Mar 13, 2024 - News

New plan aims to reduce homelessness in Portland

Illustration of a pile of suitcases on a cot.

Illustration: Lindsey Bailey/Axios

Multnomah County and Portland leaders have launched a new plan to combat homelessness with the goal of finding housing or shelter for about 2,700 people — half of the people estimated to currently be living outside — by the end of 2025.

Why it matters: Portland's visible unhoused crisis is getting worse but the county and city say they are working together to solve it.

The details: County Chair Jessica Vega Pederson and Mayor Ted Wheeler introduced their plan to the media on Monday. In addition to increasing the number of people with shelter, they hope to add 1,000 shelter beds in two years and add hundreds more behavioral health beds.

The 44-page draft plan recognizes many types of homelessness and acknowledges different ways to help people move into housing and stay in it.

  • The plan considers offering behavioral health care and investing in Portland Street Medicine. One new goal is to stop all health system discharges of people with nowhere to go, by the end of 2025.

The intrigue: The document provides some concrete initiatives including the launch of a process to award $600 million in state funding for new affordable housing (including supportive housing), which the Legislature approved last year.
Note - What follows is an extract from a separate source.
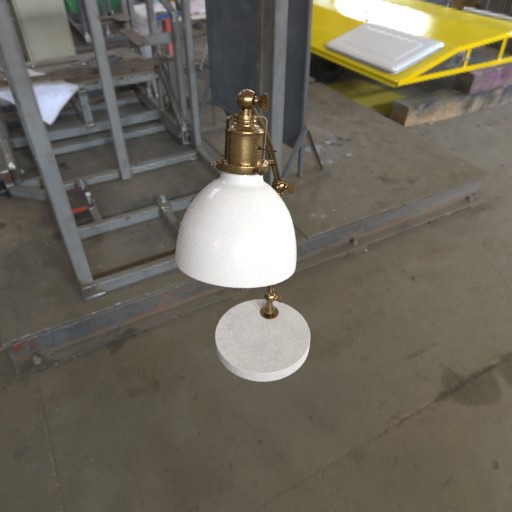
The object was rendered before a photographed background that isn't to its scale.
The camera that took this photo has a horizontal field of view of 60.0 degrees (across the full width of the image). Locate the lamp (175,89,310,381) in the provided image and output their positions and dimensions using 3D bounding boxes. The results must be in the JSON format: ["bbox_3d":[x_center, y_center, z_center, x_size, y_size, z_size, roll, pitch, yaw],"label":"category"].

  • Additionally, the plan seeks to identify 20 commercial buildings in central city for potential housing conversion (12 have been identified so far).

What they're saying: "I certainly applaud the ambition because I think we need to be thinking big and not nibbling around the edges," said Scott Kerman, the executive director of Blanchet House, a social services organization.

  • Kerman said the group saw a 27% increase in demand for free meals last year, which are mostly served to people living on the streets of Portland.

Friction point: Wheeler said the new plan offers a hand to help people get off the street, but he also offered a cautionary note.

  • "For those who are offered help and do not seek it, I have minimal patience, and perhaps a lack of empathy," told reporters."And the rules today, as always, are you can't just pitch a tent wherever the heck you want."

What we're watching: Community feedback is welcomed at a virtual town hall at 7-8pm on March 21.